[What to do]: The whole listing below must be printed again exactly, images excluded.

[[ Data for analysis, beginning ]]

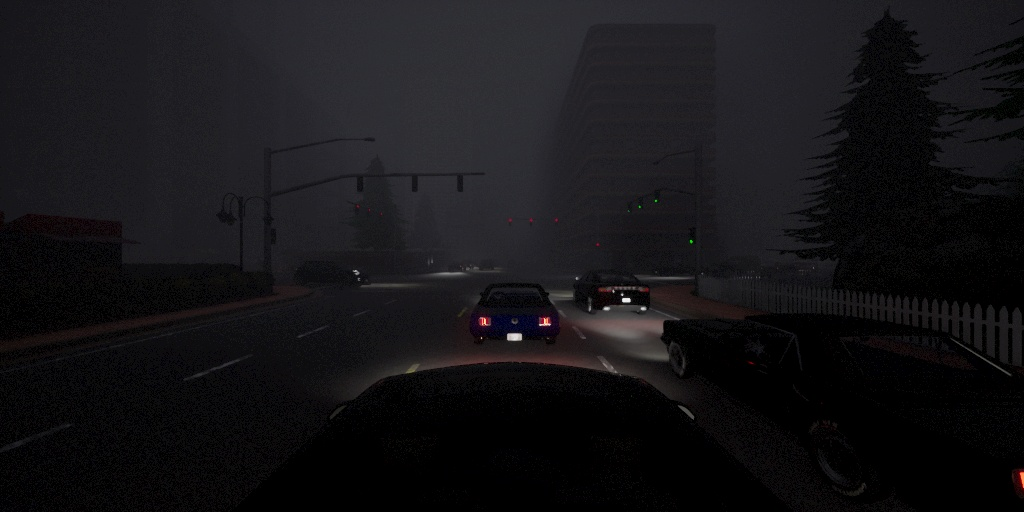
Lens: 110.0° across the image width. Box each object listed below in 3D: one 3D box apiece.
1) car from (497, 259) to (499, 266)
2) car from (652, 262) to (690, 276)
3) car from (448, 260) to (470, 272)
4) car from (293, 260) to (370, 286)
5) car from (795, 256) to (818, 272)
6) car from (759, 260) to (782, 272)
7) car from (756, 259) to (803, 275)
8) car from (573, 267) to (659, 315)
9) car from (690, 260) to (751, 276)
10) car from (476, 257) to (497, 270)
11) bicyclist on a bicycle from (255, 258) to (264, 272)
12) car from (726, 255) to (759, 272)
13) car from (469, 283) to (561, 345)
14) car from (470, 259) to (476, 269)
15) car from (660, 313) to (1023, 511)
[{"bbox_3d":[-3.623,1.254,62.038,1.837,1.490,4.892,0,0,0],"label":"car"},{"bbox_3d":[16.561,1.295,36.469,4.718,1.301,1.895,0,0,-14],"label":"car"},{"bbox_3d":[-7.137,1.351,47.040,1.895,1.301,4.718,0,0,0],"label":"car"},{"bbox_3d":[-12.120,1.064,24.346,4.553,1.767,2.097,1,0,-1],"label":"car"},{"bbox_3d":[35.534,0.916,43.433,2.150,2.045,5.566,0,0,44],"label":"car"},{"bbox_3d":[33.344,1.220,46.202,1.812,1.442,4.674,0,0,42],"label":"car"},{"bbox_3d":[27.890,1.295,37.389,4.718,1.301,1.895,0,0,-31],"label":"car"},{"bbox_3d":[3.577,1.228,13.679,1.882,1.535,5.008,0,0,0],"label":"car"},{"bbox_3d":[19.544,1.295,33.621,4.718,1.301,1.895,0,0,-18],"label":"car"},{"bbox_3d":[-3.638,1.227,51.939,1.882,1.535,5.008,0,0,0],"label":"car"},{"bbox_3d":[-27.918,0.995,39.698,0.582,1.620,1.656,0,0,0],"label":"bicyclist on a bicycle"},{"bbox_3d":[25.618,0.916,40.077,5.566,2.045,2.150,0,0,-31],"label":"car"},{"bbox_3d":[0.067,1.351,9.471,1.895,1.301,4.718,0,0,0],"label":"car"},{"bbox_3d":[-7.136,1.297,56.692,2.033,1.411,5.357,0,0,0],"label":"car"},{"bbox_3d":[3.598,1.351,4.359,1.895,1.301,4.718,0,0,0],"label":"car"}]
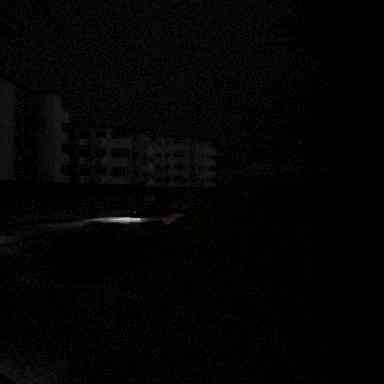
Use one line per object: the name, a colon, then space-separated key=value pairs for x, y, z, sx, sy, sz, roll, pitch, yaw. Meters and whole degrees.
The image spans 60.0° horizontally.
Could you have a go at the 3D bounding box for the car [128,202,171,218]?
car: x=-3.825 y=1.597 z=30.493 sx=1.994 sy=1.385 sz=4.181 roll=0 pitch=0 yaw=36

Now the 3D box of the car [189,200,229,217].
car: x=1.655 y=1.531 z=30.956 sx=1.837 sy=1.490 sz=4.892 roll=0 pitch=0 yaw=36
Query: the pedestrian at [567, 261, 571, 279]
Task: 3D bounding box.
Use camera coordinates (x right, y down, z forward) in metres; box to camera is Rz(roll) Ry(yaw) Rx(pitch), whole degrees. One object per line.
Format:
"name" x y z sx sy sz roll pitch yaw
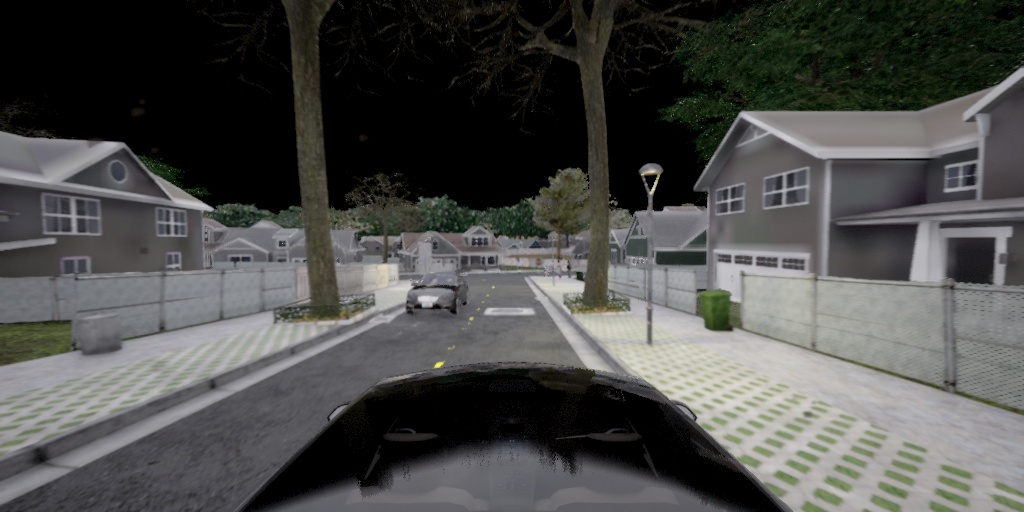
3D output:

[[ Data for analysis, end ]]

[Response]:
Lens: 110.0° across the image width. Box each object listed below in 3D: one 3D box apiece.
1) car from (497, 259) to (499, 266)
2) car from (652, 262) to (690, 276)
3) car from (448, 260) to (470, 272)
4) car from (293, 260) to (370, 286)
5) car from (795, 256) to (818, 272)
6) car from (759, 260) to (782, 272)
7) car from (756, 259) to (803, 275)
8) car from (573, 267) to (659, 315)
9) car from (690, 260) to (751, 276)
10) car from (476, 257) to (497, 270)
11) bicyclist on a bicycle from (255, 258) to (264, 272)
12) car from (726, 255) to (759, 272)
13) car from (469, 283) to (561, 345)
14) car from (470, 259) to (476, 269)
15) car from (660, 313) to (1023, 511)
[{"bbox_3d":[-3.623,1.254,62.038,1.837,1.490,4.892,0,0,0],"label":"car"},{"bbox_3d":[16.561,1.295,36.469,4.718,1.301,1.895,0,0,-14],"label":"car"},{"bbox_3d":[-7.137,1.351,47.040,1.895,1.301,4.718,0,0,0],"label":"car"},{"bbox_3d":[-12.120,1.064,24.346,4.553,1.767,2.097,1,0,-1],"label":"car"},{"bbox_3d":[35.534,0.916,43.433,2.150,2.045,5.566,0,0,44],"label":"car"},{"bbox_3d":[33.344,1.220,46.202,1.812,1.442,4.674,0,0,42],"label":"car"},{"bbox_3d":[27.890,1.295,37.389,4.718,1.301,1.895,0,0,-31],"label":"car"},{"bbox_3d":[3.577,1.228,13.679,1.882,1.535,5.008,0,0,0],"label":"car"},{"bbox_3d":[19.544,1.295,33.621,4.718,1.301,1.895,0,0,-18],"label":"car"},{"bbox_3d":[-3.638,1.227,51.939,1.882,1.535,5.008,0,0,0],"label":"car"},{"bbox_3d":[-27.918,0.995,39.698,0.582,1.620,1.656,0,0,0],"label":"bicyclist on a bicycle"},{"bbox_3d":[25.618,0.916,40.077,5.566,2.045,2.150,0,0,-31],"label":"car"},{"bbox_3d":[0.067,1.351,9.471,1.895,1.301,4.718,0,0,0],"label":"car"},{"bbox_3d":[-7.136,1.297,56.692,2.033,1.411,5.357,0,0,0],"label":"car"},{"bbox_3d":[3.598,1.351,4.359,1.895,1.301,4.718,0,0,0],"label":"car"}]
Use one line per object: the name, a colon, then space-separated key=value pairs for x, y, z, sx, sy, sz, roll, pitch, yaw. Meters and whole degrees.
The image spans 60.0° horizontally.
Could you have a go at the 3D bounding box for the car [128,202,171,218]?
car: x=-3.825 y=1.597 z=30.493 sx=1.994 sy=1.385 sz=4.181 roll=0 pitch=0 yaw=36

Now the 3D box of the car [189,200,229,217].
car: x=1.655 y=1.531 z=30.956 sx=1.837 sy=1.490 sz=4.892 roll=0 pitch=0 yaw=36
Query: the pedestrian at [567, 261, 571, 279]
Task: 3D bounding box.
Use camera coordinates (x right, y down, z forward) in metres; box to camera is Rz(roll) Ry(yaw) Rx(pitch), whole degrees. One object per line.
Format:
"name" x y z sx sy sz roll pitch yaw
3D output:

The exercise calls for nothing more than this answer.